• Work request
Omitting the pictures, restate all of the entries below exactly.

• Stored data
== Segment start ==

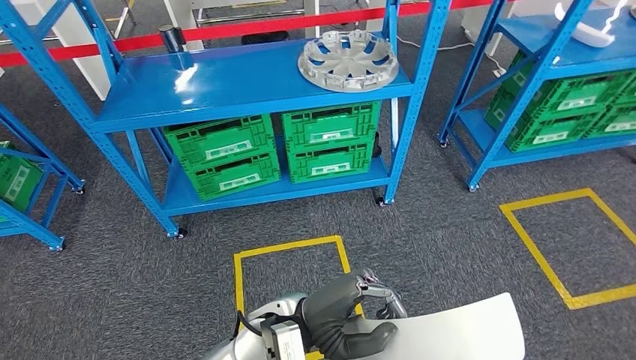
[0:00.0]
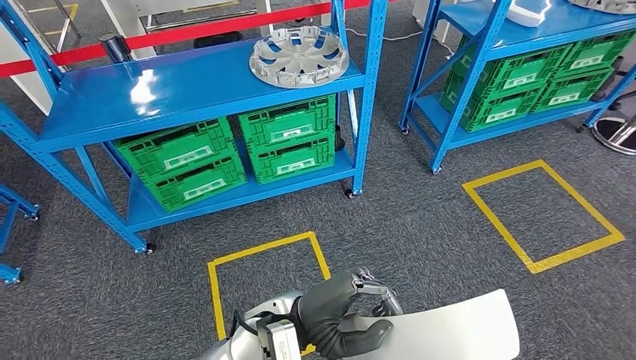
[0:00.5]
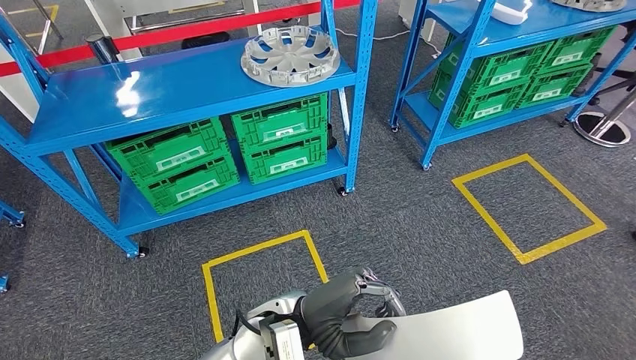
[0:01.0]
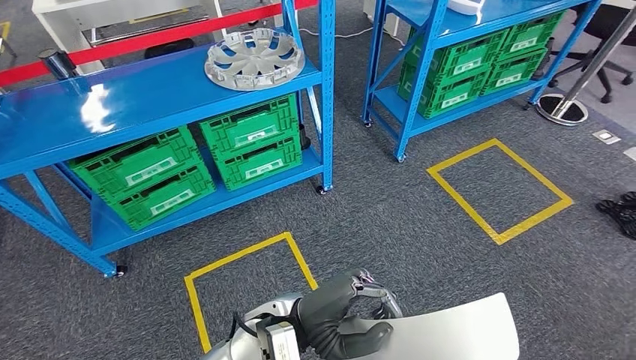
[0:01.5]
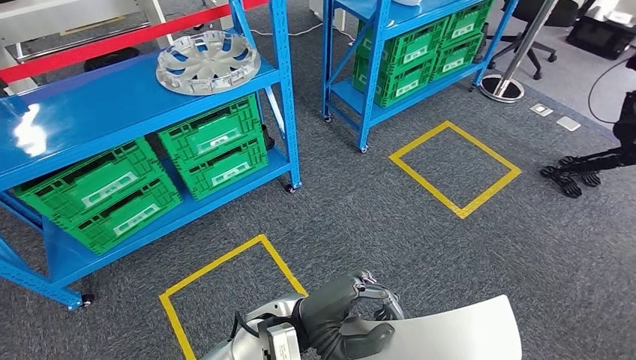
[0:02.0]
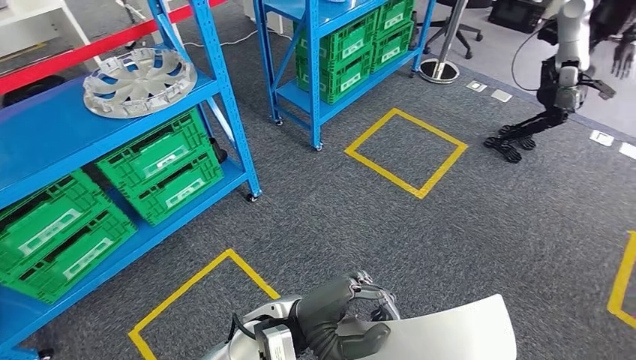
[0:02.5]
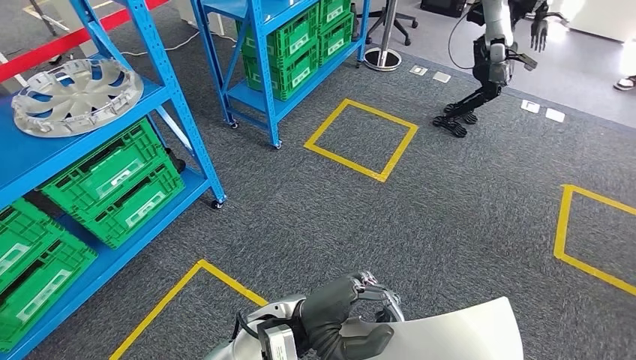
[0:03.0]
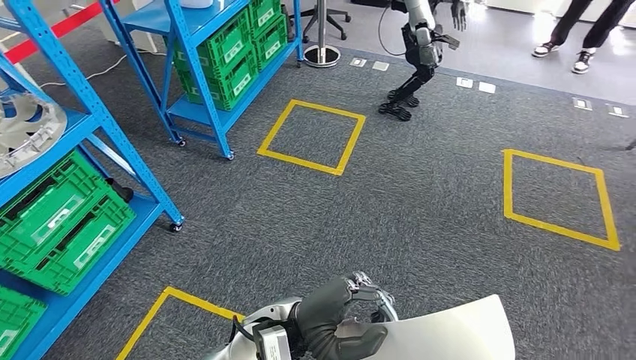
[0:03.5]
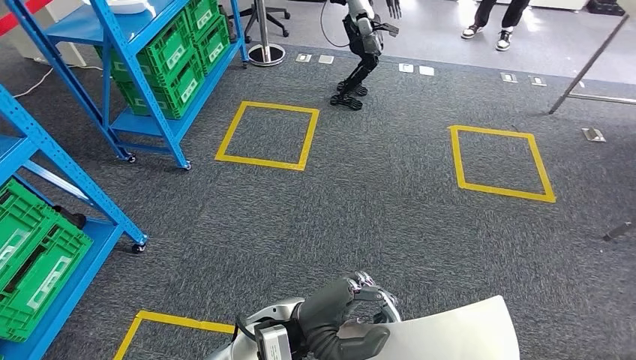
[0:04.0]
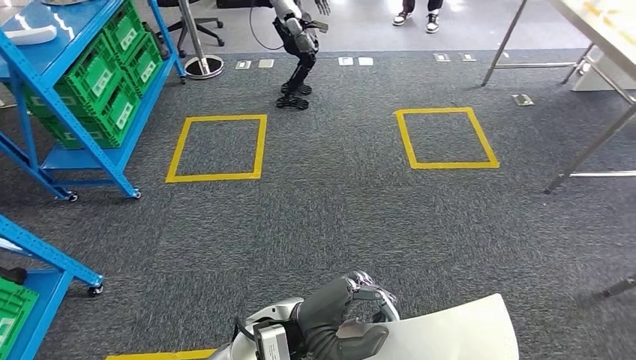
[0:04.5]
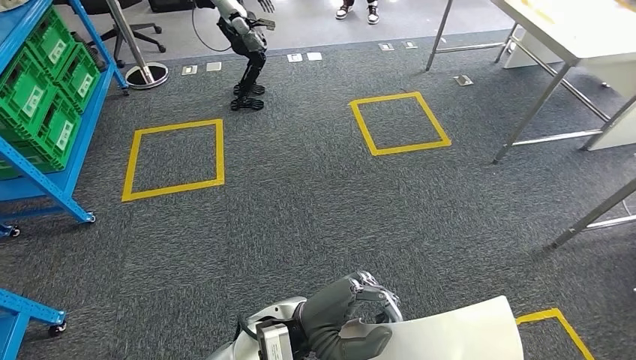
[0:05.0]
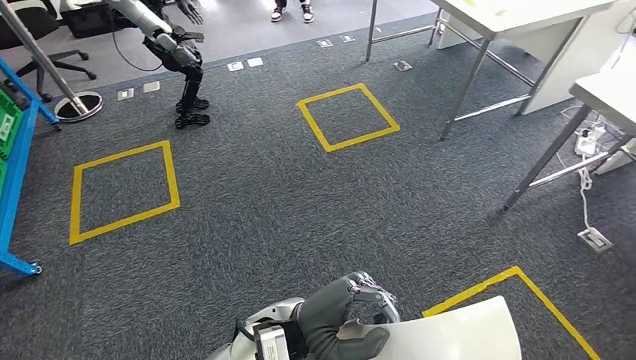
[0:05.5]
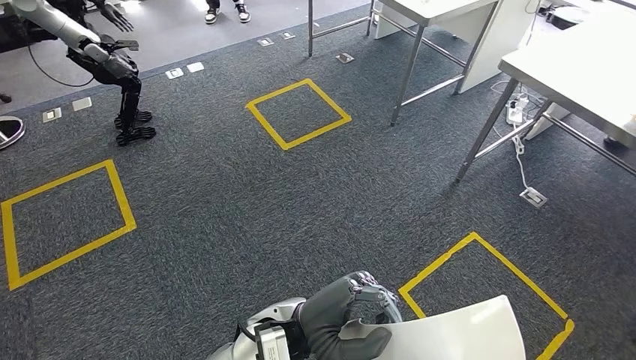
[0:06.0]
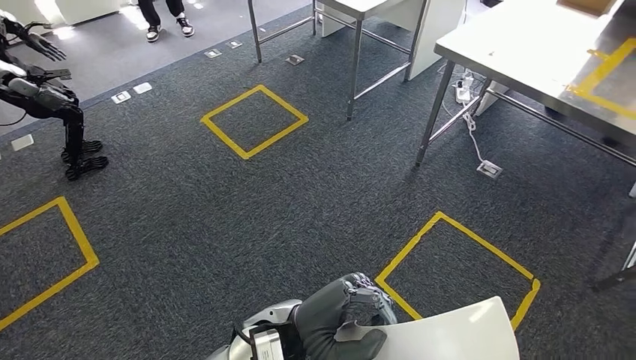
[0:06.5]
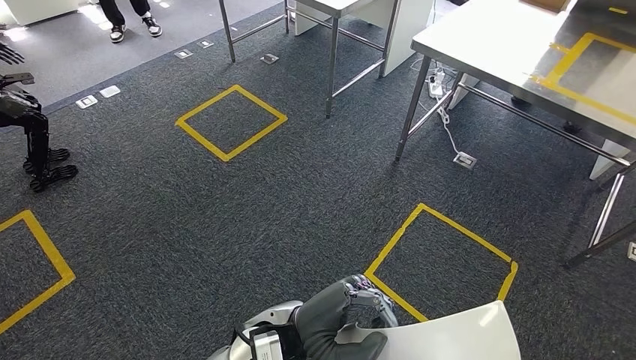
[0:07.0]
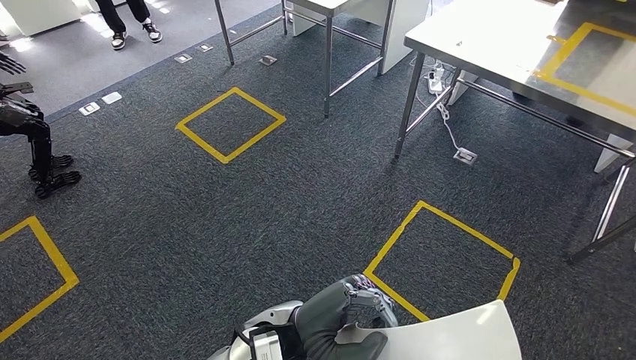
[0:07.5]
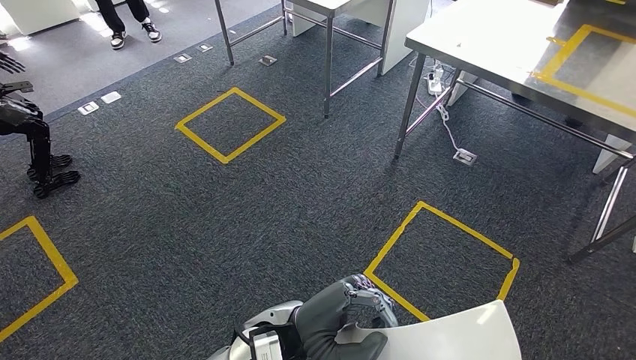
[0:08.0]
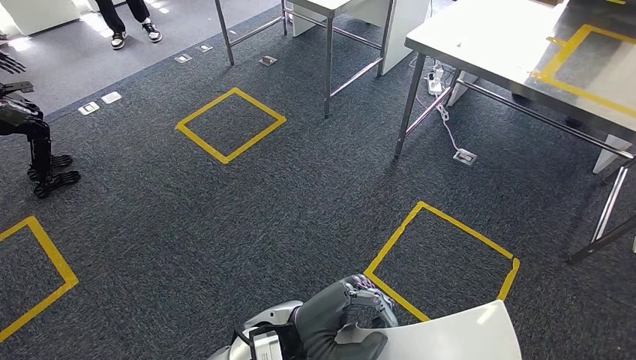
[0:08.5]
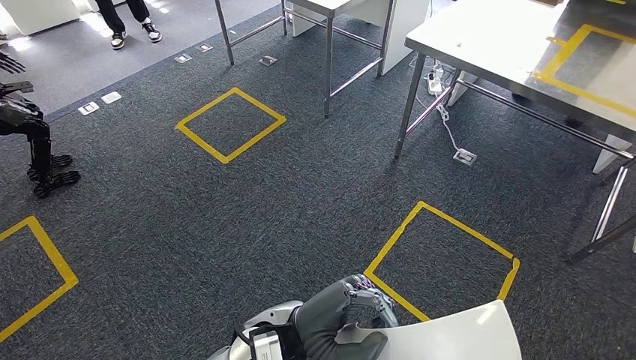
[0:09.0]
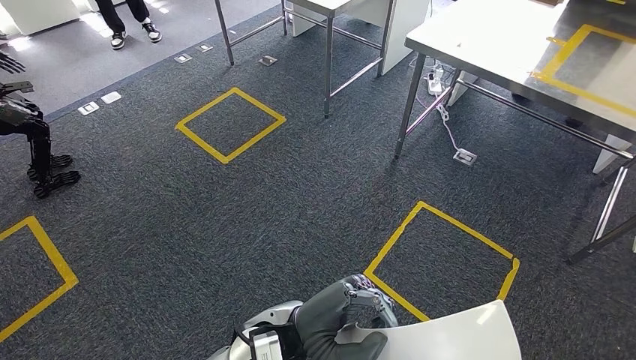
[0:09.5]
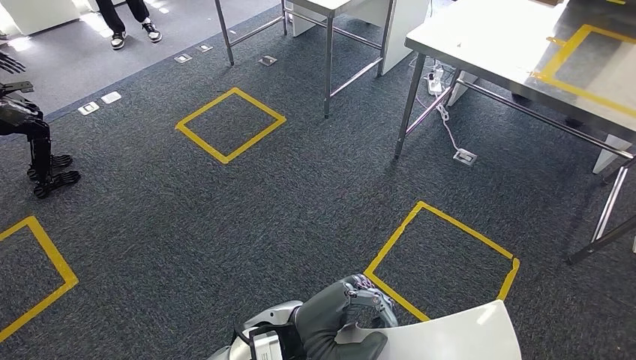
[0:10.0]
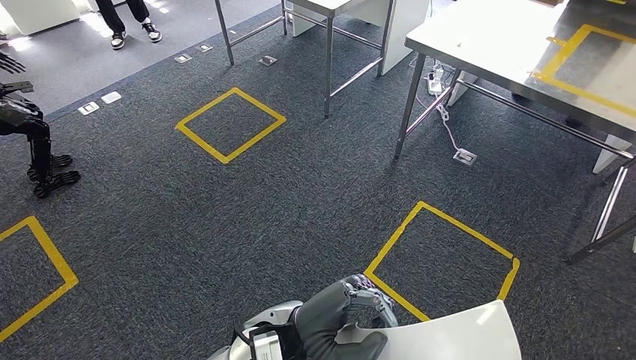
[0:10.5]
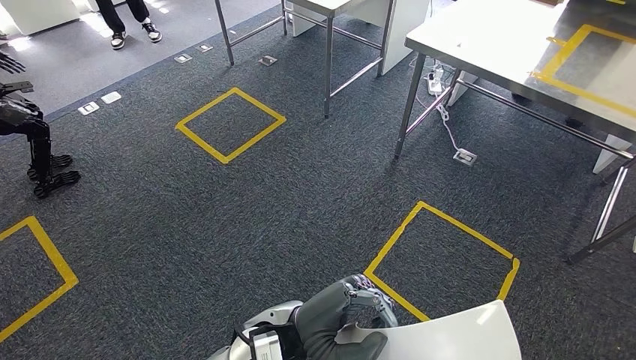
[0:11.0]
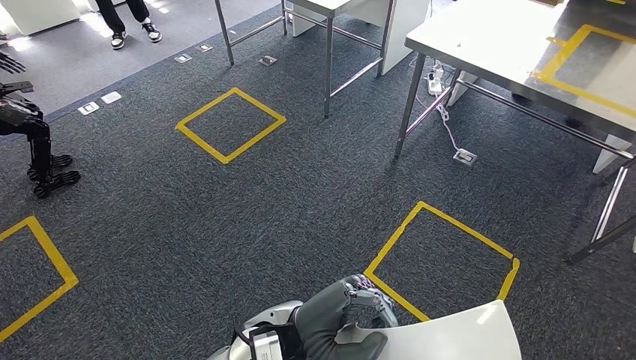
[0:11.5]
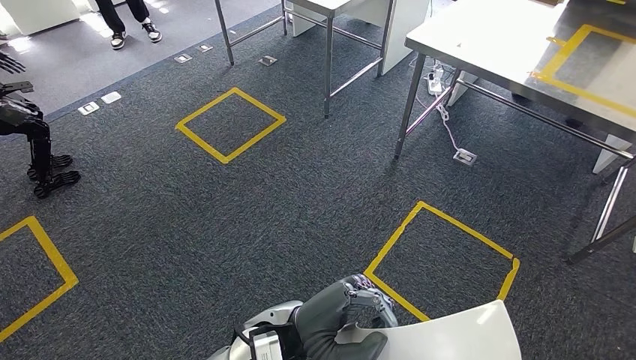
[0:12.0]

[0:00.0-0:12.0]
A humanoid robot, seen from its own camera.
0:08.0 to 0:12.0: Both hands stay put.

== Segment end ==

• Result
[0:00.0]
[0:00.5]
[0:01.0]
[0:01.5]
[0:02.0]
[0:02.5]
[0:03.0]
[0:03.5]
[0:04.0]
[0:04.5]
[0:05.0]
[0:05.5]
[0:06.0]
[0:06.5]
[0:07.0]
[0:07.5]
[0:08.0]
[0:08.5]
[0:09.0]
[0:09.5]
[0:10.0]
[0:10.5]
[0:11.0]
[0:11.5]
[0:12.0]

[0:00.0-0:12.0]
A humanoid robot, seen from its own camera.
0:08.0 to 0:12.0: Both hands stay put.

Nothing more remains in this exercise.